● **SOURCE MATERIAL**
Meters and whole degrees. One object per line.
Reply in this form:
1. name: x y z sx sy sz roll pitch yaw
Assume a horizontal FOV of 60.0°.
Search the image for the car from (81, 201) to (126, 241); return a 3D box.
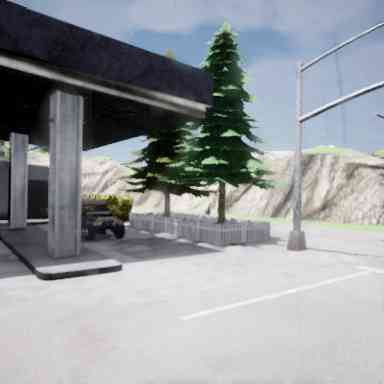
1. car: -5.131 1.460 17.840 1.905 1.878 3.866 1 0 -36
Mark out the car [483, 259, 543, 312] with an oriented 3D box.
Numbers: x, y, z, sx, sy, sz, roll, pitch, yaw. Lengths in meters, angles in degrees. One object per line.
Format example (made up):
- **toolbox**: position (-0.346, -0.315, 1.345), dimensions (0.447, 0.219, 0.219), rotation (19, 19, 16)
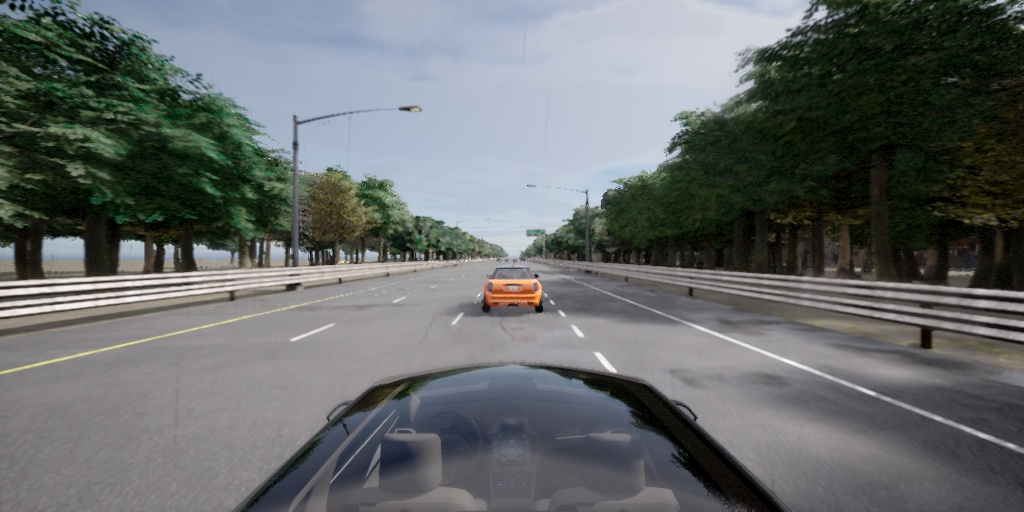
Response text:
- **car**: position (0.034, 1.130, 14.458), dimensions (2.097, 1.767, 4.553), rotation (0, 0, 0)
...
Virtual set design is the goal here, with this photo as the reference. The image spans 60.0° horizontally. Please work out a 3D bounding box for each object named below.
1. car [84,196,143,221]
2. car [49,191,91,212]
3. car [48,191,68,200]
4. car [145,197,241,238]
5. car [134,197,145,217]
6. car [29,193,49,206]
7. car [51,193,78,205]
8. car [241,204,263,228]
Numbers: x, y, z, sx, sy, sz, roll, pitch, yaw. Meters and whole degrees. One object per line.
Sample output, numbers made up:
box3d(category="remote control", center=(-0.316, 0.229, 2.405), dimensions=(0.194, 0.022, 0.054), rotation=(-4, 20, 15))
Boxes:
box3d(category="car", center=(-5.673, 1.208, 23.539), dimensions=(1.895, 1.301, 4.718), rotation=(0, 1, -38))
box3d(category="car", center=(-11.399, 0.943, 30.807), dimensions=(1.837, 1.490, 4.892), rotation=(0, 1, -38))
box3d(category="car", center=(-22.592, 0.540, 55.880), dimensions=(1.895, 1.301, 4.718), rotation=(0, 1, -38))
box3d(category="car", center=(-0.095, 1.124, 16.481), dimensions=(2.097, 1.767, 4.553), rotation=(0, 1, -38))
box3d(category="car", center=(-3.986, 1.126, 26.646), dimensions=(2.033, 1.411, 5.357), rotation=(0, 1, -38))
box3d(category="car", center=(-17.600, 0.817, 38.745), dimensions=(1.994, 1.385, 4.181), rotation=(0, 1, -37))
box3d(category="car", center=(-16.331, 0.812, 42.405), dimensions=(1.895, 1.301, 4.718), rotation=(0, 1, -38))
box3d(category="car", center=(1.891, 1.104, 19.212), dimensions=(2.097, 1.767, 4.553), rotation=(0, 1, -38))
--
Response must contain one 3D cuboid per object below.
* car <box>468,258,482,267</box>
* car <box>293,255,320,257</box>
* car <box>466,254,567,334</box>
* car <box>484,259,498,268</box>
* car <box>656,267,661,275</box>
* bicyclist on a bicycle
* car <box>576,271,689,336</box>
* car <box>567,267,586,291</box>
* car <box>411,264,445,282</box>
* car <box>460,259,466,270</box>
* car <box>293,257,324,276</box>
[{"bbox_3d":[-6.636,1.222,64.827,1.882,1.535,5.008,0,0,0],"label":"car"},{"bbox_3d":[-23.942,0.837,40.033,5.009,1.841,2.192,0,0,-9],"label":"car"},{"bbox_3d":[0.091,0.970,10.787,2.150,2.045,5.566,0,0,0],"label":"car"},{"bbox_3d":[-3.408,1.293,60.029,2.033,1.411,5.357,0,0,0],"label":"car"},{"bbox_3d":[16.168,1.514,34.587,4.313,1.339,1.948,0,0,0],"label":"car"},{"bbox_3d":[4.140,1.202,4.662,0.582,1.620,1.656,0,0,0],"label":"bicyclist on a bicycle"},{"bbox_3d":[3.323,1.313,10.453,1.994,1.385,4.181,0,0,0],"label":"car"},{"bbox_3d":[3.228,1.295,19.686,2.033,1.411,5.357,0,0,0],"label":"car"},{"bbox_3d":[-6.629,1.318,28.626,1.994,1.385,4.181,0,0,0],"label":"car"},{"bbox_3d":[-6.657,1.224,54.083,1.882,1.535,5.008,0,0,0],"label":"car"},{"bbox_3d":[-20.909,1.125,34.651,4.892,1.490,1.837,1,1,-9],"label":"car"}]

● **WHAT TO DO**
Read the data above and pull out each line that holds the string "with".

● **PROBLEM SOLUTION**
Mark out the car [483, 259, 543, 312] with an oriented 3D box.
Virtual set design is the goal here, with this photo as the reference. The image spans 60.0° horizontally. Please work out a 3D bounding box for each object named below.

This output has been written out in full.